- **Task requirements**: Print exactly, and only, the lines running from the line containing "6) boat shoe (541,328,639,469)" through the end of the records below.

-- Record set follows --

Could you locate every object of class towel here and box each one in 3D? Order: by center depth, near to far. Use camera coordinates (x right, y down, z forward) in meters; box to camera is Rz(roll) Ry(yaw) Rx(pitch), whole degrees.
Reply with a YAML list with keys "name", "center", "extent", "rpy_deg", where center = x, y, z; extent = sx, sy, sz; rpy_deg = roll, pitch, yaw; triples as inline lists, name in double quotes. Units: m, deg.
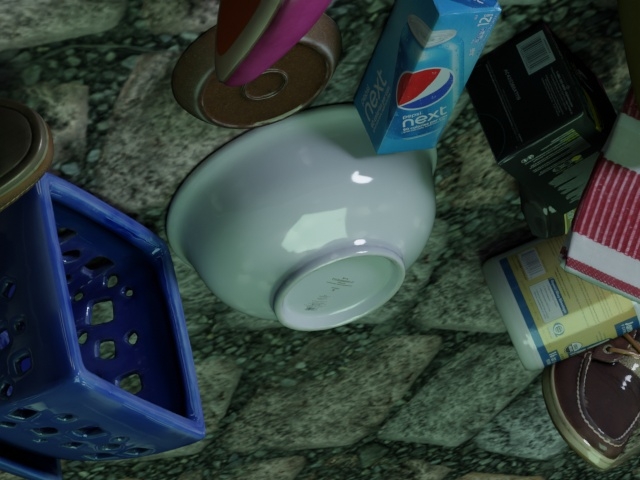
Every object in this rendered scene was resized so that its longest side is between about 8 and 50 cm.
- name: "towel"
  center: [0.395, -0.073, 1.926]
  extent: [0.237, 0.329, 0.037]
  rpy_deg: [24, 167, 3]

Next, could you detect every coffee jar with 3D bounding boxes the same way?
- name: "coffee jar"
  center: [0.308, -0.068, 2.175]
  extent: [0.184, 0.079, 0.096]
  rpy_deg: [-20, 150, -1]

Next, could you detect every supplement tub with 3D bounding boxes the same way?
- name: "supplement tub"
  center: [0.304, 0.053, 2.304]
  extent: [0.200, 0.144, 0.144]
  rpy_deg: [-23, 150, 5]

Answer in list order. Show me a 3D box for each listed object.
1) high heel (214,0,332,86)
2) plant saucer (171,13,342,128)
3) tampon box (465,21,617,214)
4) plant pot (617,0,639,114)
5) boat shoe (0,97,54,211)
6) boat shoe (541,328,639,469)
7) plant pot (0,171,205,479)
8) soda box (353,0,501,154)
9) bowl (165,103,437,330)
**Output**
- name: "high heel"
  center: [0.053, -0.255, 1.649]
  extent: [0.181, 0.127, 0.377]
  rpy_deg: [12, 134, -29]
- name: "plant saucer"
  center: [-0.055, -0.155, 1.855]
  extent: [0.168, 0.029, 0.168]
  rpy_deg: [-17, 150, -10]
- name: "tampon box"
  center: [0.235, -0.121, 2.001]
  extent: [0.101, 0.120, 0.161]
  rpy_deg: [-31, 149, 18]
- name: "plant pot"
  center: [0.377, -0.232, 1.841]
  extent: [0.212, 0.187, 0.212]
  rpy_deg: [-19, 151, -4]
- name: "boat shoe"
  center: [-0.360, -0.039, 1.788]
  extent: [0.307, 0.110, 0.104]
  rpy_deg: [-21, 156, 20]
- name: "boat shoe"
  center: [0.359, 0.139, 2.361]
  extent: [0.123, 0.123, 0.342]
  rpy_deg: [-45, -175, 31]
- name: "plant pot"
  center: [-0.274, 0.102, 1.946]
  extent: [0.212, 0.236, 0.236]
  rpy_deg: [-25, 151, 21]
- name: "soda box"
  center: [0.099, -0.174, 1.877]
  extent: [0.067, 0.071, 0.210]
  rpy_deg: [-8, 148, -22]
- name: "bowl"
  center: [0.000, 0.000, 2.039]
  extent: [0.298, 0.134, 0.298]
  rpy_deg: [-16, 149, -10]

-- Record set concluded --

- **Finished task**:
6) boat shoe (541,328,639,469)
7) plant pot (0,171,205,479)
8) soda box (353,0,501,154)
9) bowl (165,103,437,330)
**Output**
- name: "high heel"
  center: [0.053, -0.255, 1.649]
  extent: [0.181, 0.127, 0.377]
  rpy_deg: [12, 134, -29]
- name: "plant saucer"
  center: [-0.055, -0.155, 1.855]
  extent: [0.168, 0.029, 0.168]
  rpy_deg: [-17, 150, -10]
- name: "tampon box"
  center: [0.235, -0.121, 2.001]
  extent: [0.101, 0.120, 0.161]
  rpy_deg: [-31, 149, 18]
- name: "plant pot"
  center: [0.377, -0.232, 1.841]
  extent: [0.212, 0.187, 0.212]
  rpy_deg: [-19, 151, -4]
- name: "boat shoe"
  center: [-0.360, -0.039, 1.788]
  extent: [0.307, 0.110, 0.104]
  rpy_deg: [-21, 156, 20]
- name: "boat shoe"
  center: [0.359, 0.139, 2.361]
  extent: [0.123, 0.123, 0.342]
  rpy_deg: [-45, -175, 31]
- name: "plant pot"
  center: [-0.274, 0.102, 1.946]
  extent: [0.212, 0.236, 0.236]
  rpy_deg: [-25, 151, 21]
- name: "soda box"
  center: [0.099, -0.174, 1.877]
  extent: [0.067, 0.071, 0.210]
  rpy_deg: [-8, 148, -22]
- name: "bowl"
  center: [0.000, 0.000, 2.039]
  extent: [0.298, 0.134, 0.298]
  rpy_deg: [-16, 149, -10]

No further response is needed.